- _Try it_
Please output exactly the lines from the one containing "Formatted like this" through the end of the records below, leaving out any pictures.

(Source material Opens)

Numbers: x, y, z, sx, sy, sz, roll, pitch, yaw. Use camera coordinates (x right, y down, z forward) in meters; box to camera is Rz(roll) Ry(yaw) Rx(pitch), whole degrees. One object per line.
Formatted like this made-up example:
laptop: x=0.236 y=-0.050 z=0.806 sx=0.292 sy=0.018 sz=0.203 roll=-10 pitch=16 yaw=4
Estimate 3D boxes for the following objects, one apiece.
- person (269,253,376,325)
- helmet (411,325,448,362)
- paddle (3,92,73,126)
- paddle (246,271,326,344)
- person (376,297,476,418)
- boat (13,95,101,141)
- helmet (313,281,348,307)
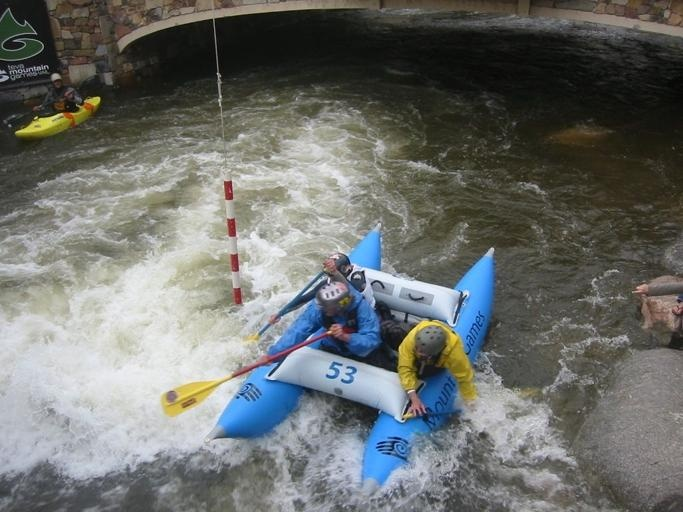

(Source material Closes)

- _Answer box_
Formatted like this made-up example:
laptop: x=0.236 y=-0.050 z=0.806 sx=0.292 sy=0.018 sz=0.203 roll=-10 pitch=16 yaw=4
Estimate 3D boxes for the following objects, one apiece.
- person (269,253,376,325)
- helmet (411,325,448,362)
- paddle (3,92,73,126)
- paddle (246,271,326,344)
- person (376,297,476,418)
- boat (13,95,101,141)
- helmet (313,281,348,307)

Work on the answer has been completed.